Species distribution data are always incomplete snapshots of actual species distributions, which are dynamic and thus constantly changing. Predicting species distributions and how they may evolve is crucial for ecosystem management and conservation planning, but the intrinsic unpredictability that is inherent to living organisms prevents accurate categorical forecasts of species’ occurrence sites, or accurate delimitations of their distribution ranges.
In this course we will analyse the limitations and uncertainties associated with species distribution records, and provide methods for dealing with them, including species distribution models treated with fuzzy logic and quantum mechanical concepts.
The course will include theoretical and practical lessons.
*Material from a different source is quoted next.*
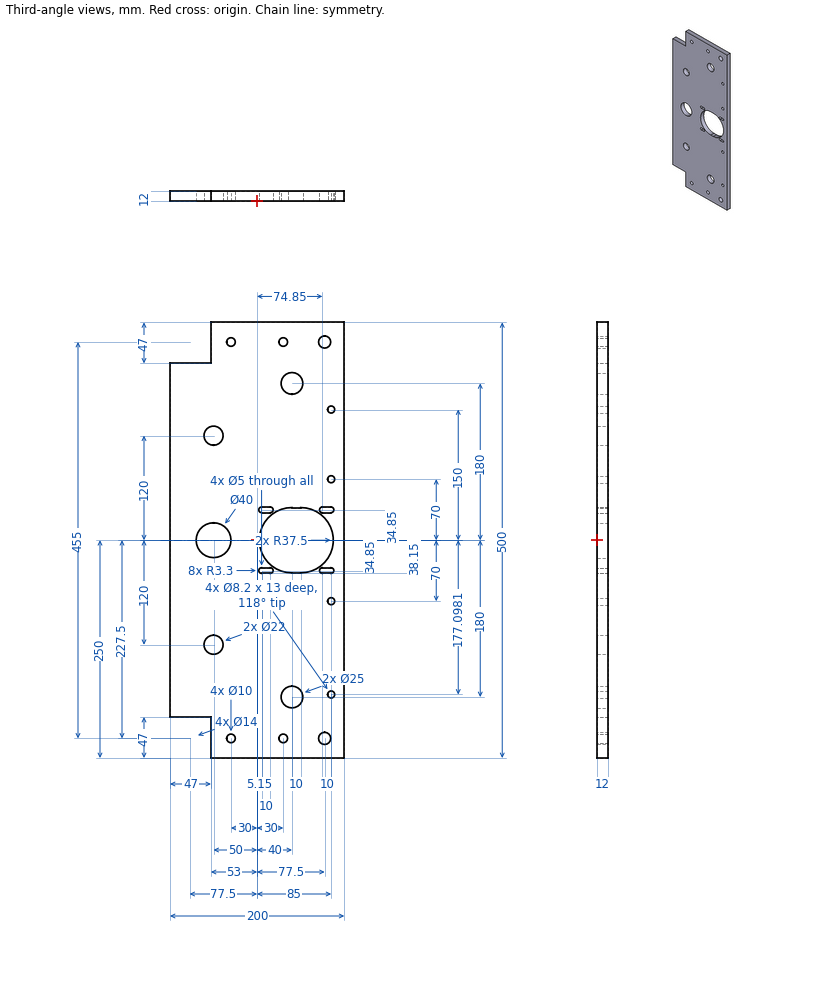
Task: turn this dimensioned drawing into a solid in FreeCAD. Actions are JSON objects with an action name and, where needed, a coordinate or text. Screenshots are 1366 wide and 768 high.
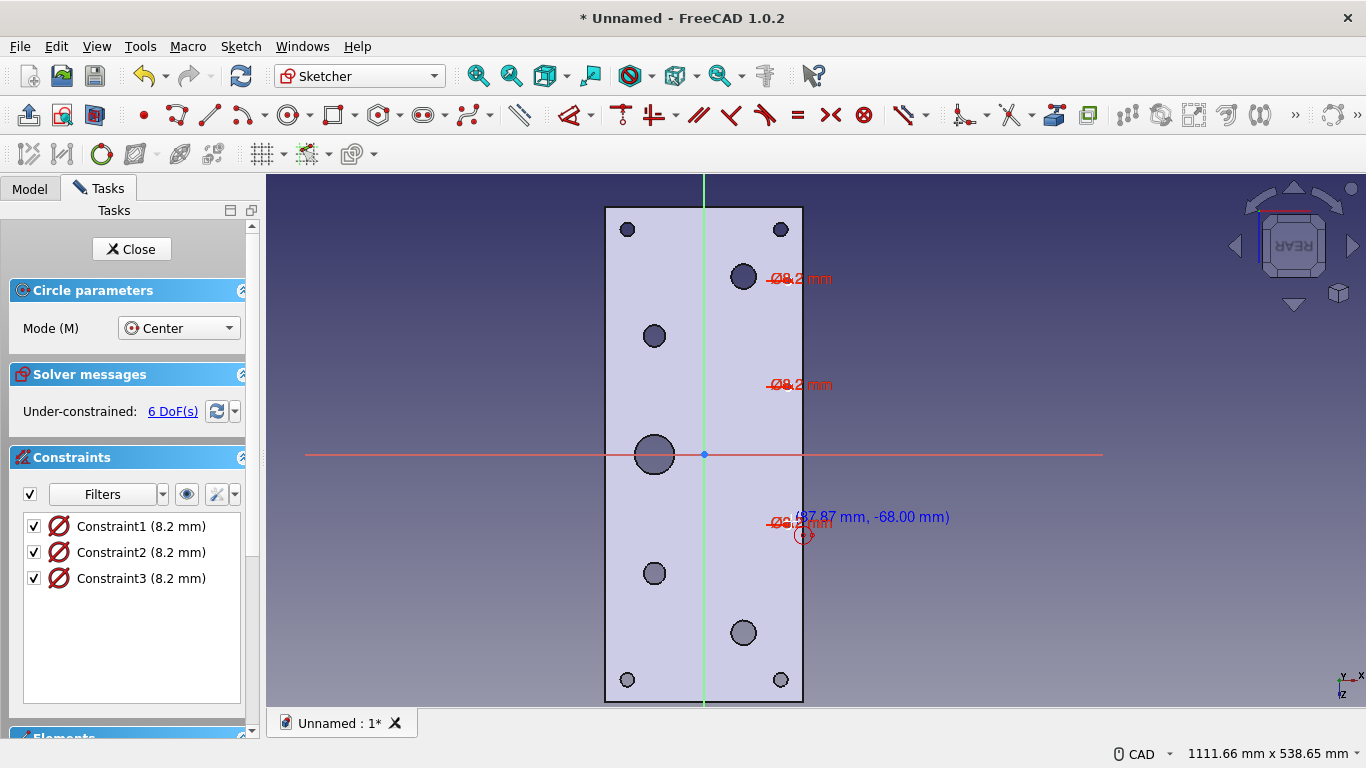
{"action": "scroll", "coordinate": [788, 603], "scroll_direction": "up", "scroll_amount": 9}

We will use particular R packages, such as fuzzySim and modEvA, for 1) modelling species distributions based on available occurrence records; 2) evaluating the predictive capacity of these models using a varied set of measures that address different facets of model performance, such as discrimination, classification, explanatory power and calibration; and 3) incorporating natural uncertainty in analyses of species distributions, namely using fuzzy logic and formulas from quantum mechanics to assess similarity, diversity and change in biogeographical communities.
We will provide sample data for most of the course, but students will also have a chance to apply what they have learned to their own data if they wish.
All participants must have a personal laptop with R installed, webcam if possible, and a good internet connection. Basic knowledge of R is required.
This course will be delivered online.
Please check the schedule for the live online part, and be aware that it is UTC+1 (Madrid time zone).
October 12th-16th, 2020
COURSE LENGTH & ECTS
28 hours online.
This course is equivalent to 1 ECTS(European Credit Transfer System) at the Life Science Zurich Graduate School.
The recognition of ECTS by other institutions depends on each university or school.
Places are limited to 16 participants and will be occupied by strict registration order.
Participants who have completed the course will receive a certificate at the end of it.
- Introduction to species distributions.
- Types of distribution data: Presence-only, presence-absence, range maps.
- Facing uncertainty in species distributions.
- Introduction to modelling species distributions.
- Presence-only, presence-background and presence-absence modelling methods.
- Overview of R packages for modelling species distributions.
- fuzzySim introductory practice: Obtaining distance-based fuzzy distribution data.
- Species distribution modelling with the favourability function.
- fuzzySim modelling.
- Calculating “quantum” measures of diversity and distributional change.
- Evaluating the fit and predictive capacity of distribution models.
- modEvA practice: Analysing and evaluating fuzzy distribution data.